Thursday, July 15, 2004

Why Blogs Have So Much Googlejuice

From a November 2001 Science magazine article by Jon Kleinberg and Steve Lawrence:

Several studies have shown that the number of links to and from individual pages is distributed according to a power law over many orders of magnitude; the fraction of pages with n in-links is roughly n–α for α ~ 2.1.
In other words, less than 0.8 percent of all webpages have more than 10 inbound links from external sites, and less than 0.2 percent have 20 such links. Add in the fact that links are weighted by source influence, and we're done: a single link from the likes of Glenn Reynolds will likely lead to several other links, many from other influential sources.

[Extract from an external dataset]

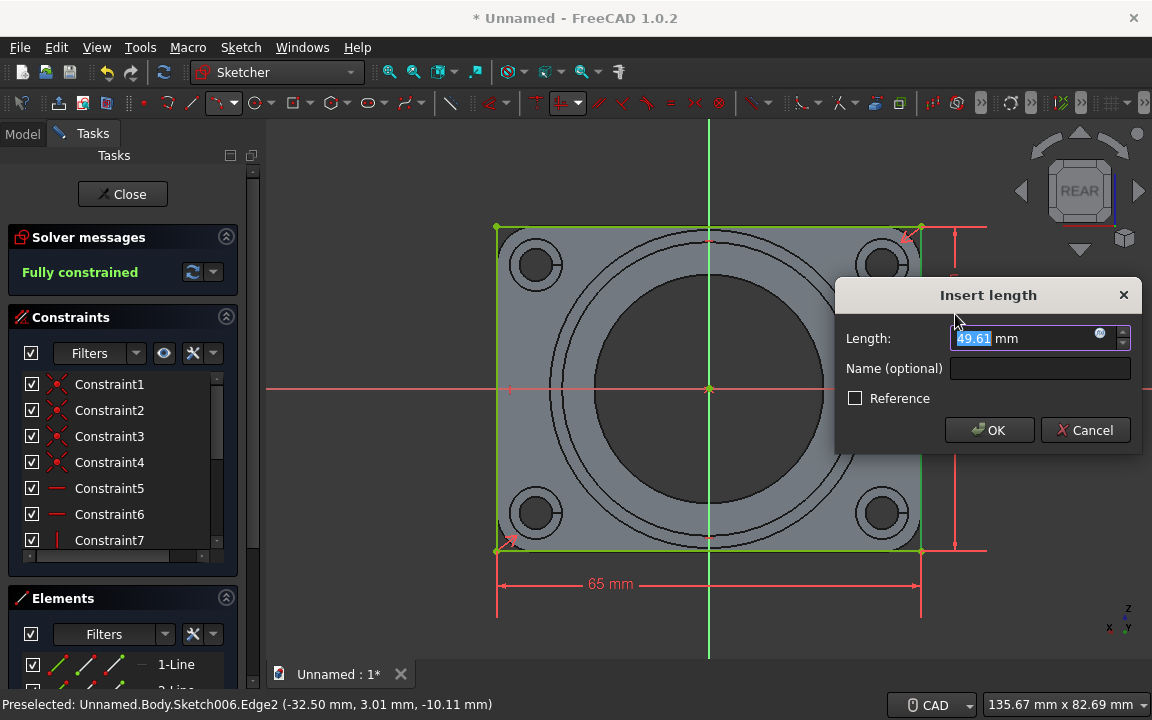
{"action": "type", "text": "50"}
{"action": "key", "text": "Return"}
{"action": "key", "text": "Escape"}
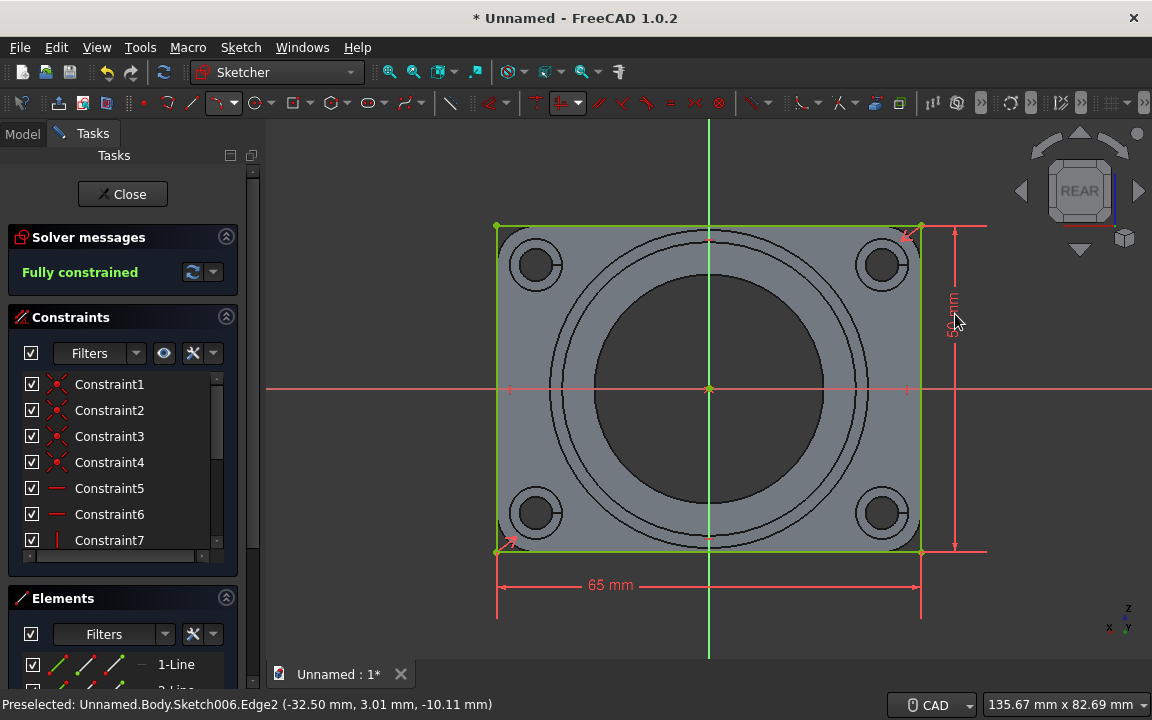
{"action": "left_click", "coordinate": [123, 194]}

Another thing this power law distribution of inbound links, and therefore, influence, suggests, is that attempts by spammers* to game the system by flooding the web with sham websites, all referring to each other, is likely to fail. To get the results they require, they have to by high-ranking sites, and it inevitably follows that popular blogs that allow anonymous commenting will prove irresistable targets for trackback spam and phony comments. As the most popular bloggers seem either unable or simply unwilling to spend much of their free time policing comment sections, I suppose it's just as well that sites like Instapundit and Andrew Sullivan don't permit commenting or trackback pings; the ongoing trend towards commenter registration is more a feelgood measure rather than any sort of panacea for dealing with this issue.

*Or "Search Engine Optimizers" as they prefer to call themselves.